EXERCISE PROMPT: Copy out the records precisely, omitting pictures.

Dataset items
== Segment start ==
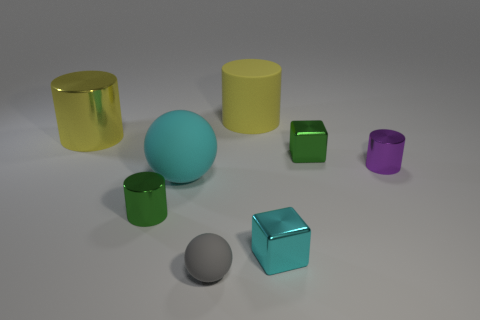If these objects were in a game, what kind of game do you think it would be and why? Given the simplicity and abstract nature of the objects, they could be from a puzzle or educational game designed to teach principles of geometry and physics. The various shapes and colors might be used to challenge players to solve spatial reasoning puzzles or to learn about light and material properties in a virtual environment. 
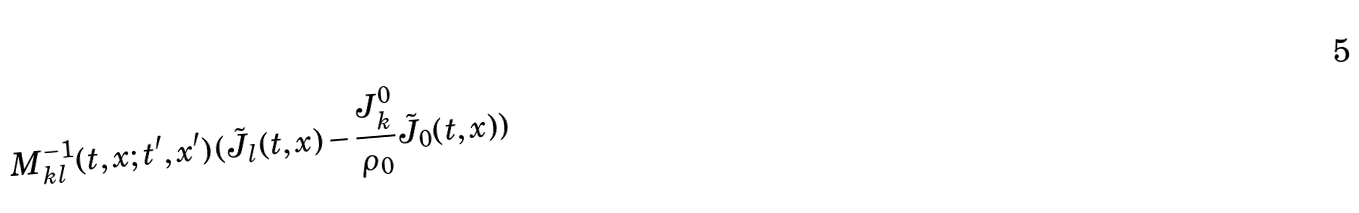<formula> <loc_0><loc_0><loc_500><loc_500>M ^ { - 1 } _ { k l } ( t , x ; t ^ { \prime } , x ^ { \prime } ) \, ( { \tilde { J } } _ { l } ( t , x ) - \frac { J ^ { 0 } _ { k } } { \rho _ { 0 } } { \tilde { J } } _ { 0 } ( t , x ) )</formula> 
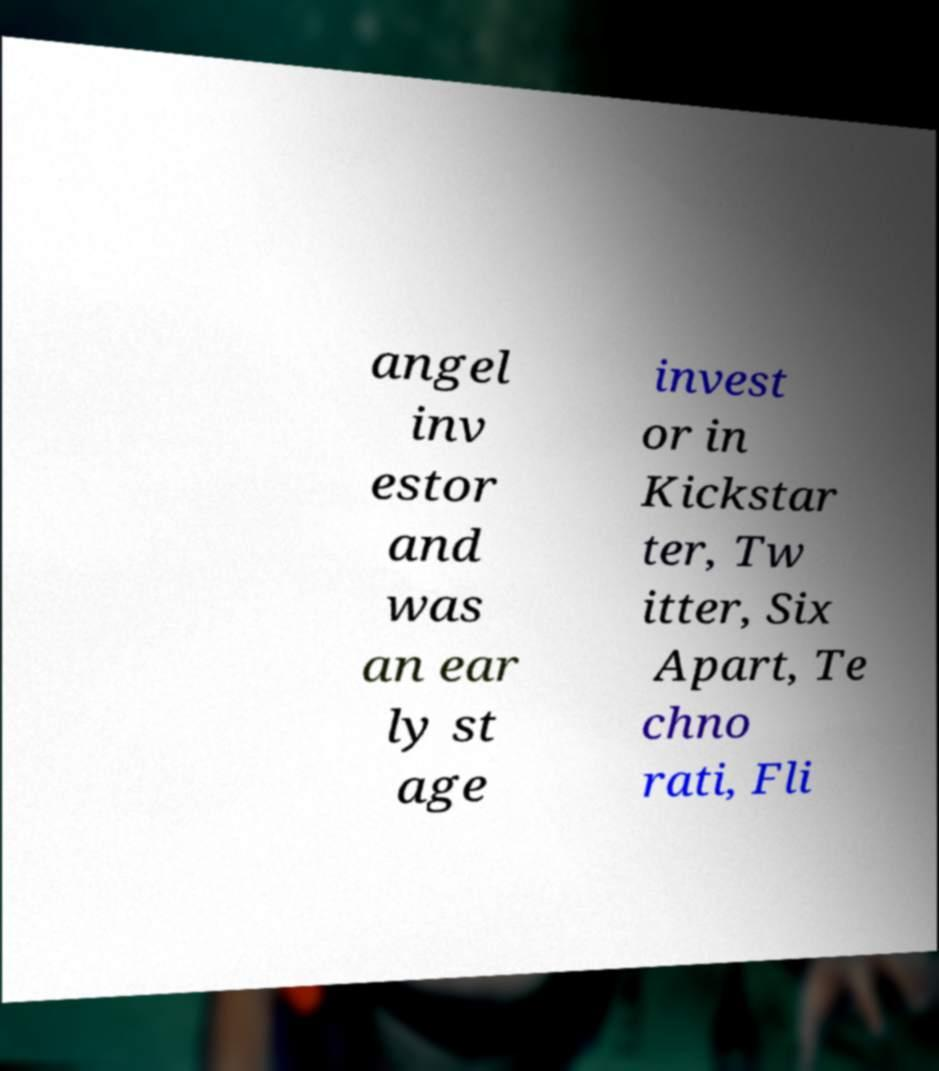For documentation purposes, I need the text within this image transcribed. Could you provide that? angel inv estor and was an ear ly st age invest or in Kickstar ter, Tw itter, Six Apart, Te chno rati, Fli 
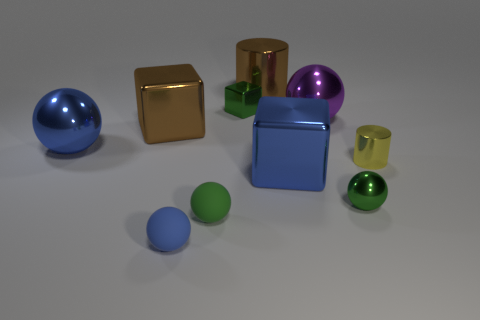Subtract all big blue metallic blocks. How many blocks are left? 2 Subtract all yellow cylinders. How many cylinders are left? 1 Subtract all brown cylinders. How many blue balls are left? 2 Subtract all blocks. How many objects are left? 7 Subtract 1 cylinders. How many cylinders are left? 1 Subtract all shiny blocks. Subtract all brown metal things. How many objects are left? 5 Add 3 tiny shiny cubes. How many tiny shiny cubes are left? 4 Add 9 blue metallic spheres. How many blue metallic spheres exist? 10 Subtract 0 red spheres. How many objects are left? 10 Subtract all red blocks. Subtract all yellow cylinders. How many blocks are left? 3 
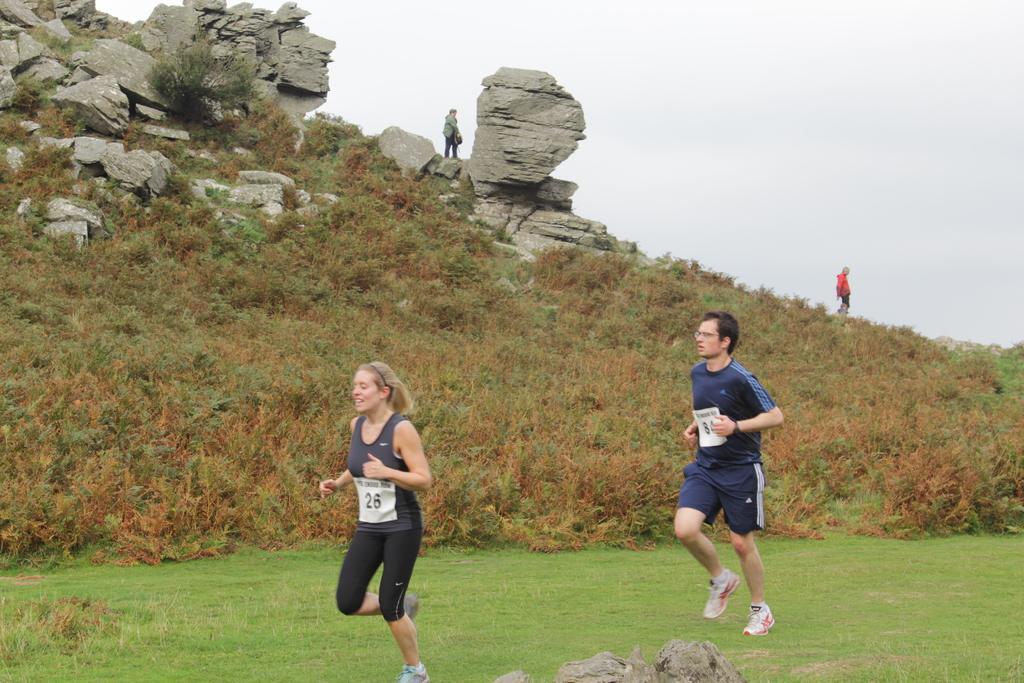Can you describe this image briefly? This image is taken outdoors. At the bottom of the image there is a ground with grass on it. At the top of the image there is a sky with clouds. In the middle of the image a man and a woman are running on the ground. In the background there is a hill with a few plants and rocks on it. There are two persons on the hill. 
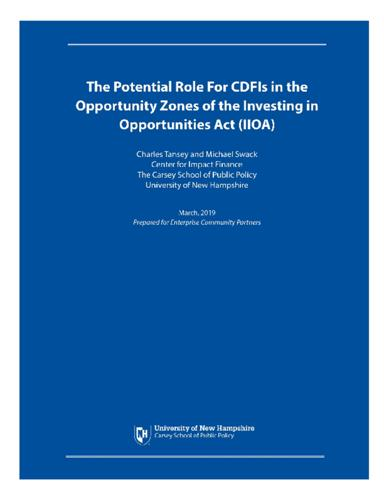What is the topic of the document mentioned in the image? The document focuses on exploring the strategic involvement of Community Development Financial Institutions (CDFIs) within the newly designated Opportunity Zones created by the Investing in Opportunities Act (IIOA). 
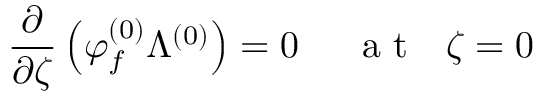<formula> <loc_0><loc_0><loc_500><loc_500>\frac { \partial } { \partial \zeta } \left ( \varphi _ { f } ^ { ( 0 ) } \Lambda ^ { ( 0 ) } \right ) = 0 a t \zeta = 0</formula>
== Segment end ==
RESPONSE TO THE EXERCISE:
If these objects were in a game, what kind of game do you think it would be and why? Given the simplicity and abstract nature of the objects, they could be from a puzzle or educational game designed to teach principles of geometry and physics. The various shapes and colors might be used to challenge players to solve spatial reasoning puzzles or to learn about light and material properties in a virtual environment. 
<formula> <loc_0><loc_0><loc_500><loc_500>M ^ { - 1 } _ { k l } ( t , x ; t ^ { \prime } , x ^ { \prime } ) \, ( { \tilde { J } } _ { l } ( t , x ) - \frac { J ^ { 0 } _ { k } } { \rho _ { 0 } } { \tilde { J } } _ { 0 } ( t , x ) )</formula> 
For documentation purposes, I need the text within this image transcribed. Could you provide that? angel inv estor and was an ear ly st age invest or in Kickstar ter, Tw itter, Six Apart, Te chno rati, Fli 
Subtract all big blue metallic blocks. How many blocks are left? 2 Subtract all yellow cylinders. How many cylinders are left? 1 Subtract all brown cylinders. How many blue balls are left? 2 Subtract all blocks. How many objects are left? 7 Subtract 1 cylinders. How many cylinders are left? 1 Subtract all shiny blocks. Subtract all brown metal things. How many objects are left? 5 Add 3 tiny shiny cubes. How many tiny shiny cubes are left? 4 Add 9 blue metallic spheres. How many blue metallic spheres exist? 10 Subtract 0 red spheres. How many objects are left? 10 Subtract all red blocks. Subtract all yellow cylinders. How many blocks are left? 3 
Can you describe this image briefly? This image is taken outdoors. At the bottom of the image there is a ground with grass on it. At the top of the image there is a sky with clouds. In the middle of the image a man and a woman are running on the ground. In the background there is a hill with a few plants and rocks on it. There are two persons on the hill. 
What is the topic of the document mentioned in the image? The document focuses on exploring the strategic involvement of Community Development Financial Institutions (CDFIs) within the newly designated Opportunity Zones created by the Investing in Opportunities Act (IIOA). 
<formula> <loc_0><loc_0><loc_500><loc_500>\frac { \partial } { \partial \zeta } \left ( \varphi _ { f } ^ { ( 0 ) } \Lambda ^ { ( 0 ) } \right ) = 0 a t \zeta = 0</formula>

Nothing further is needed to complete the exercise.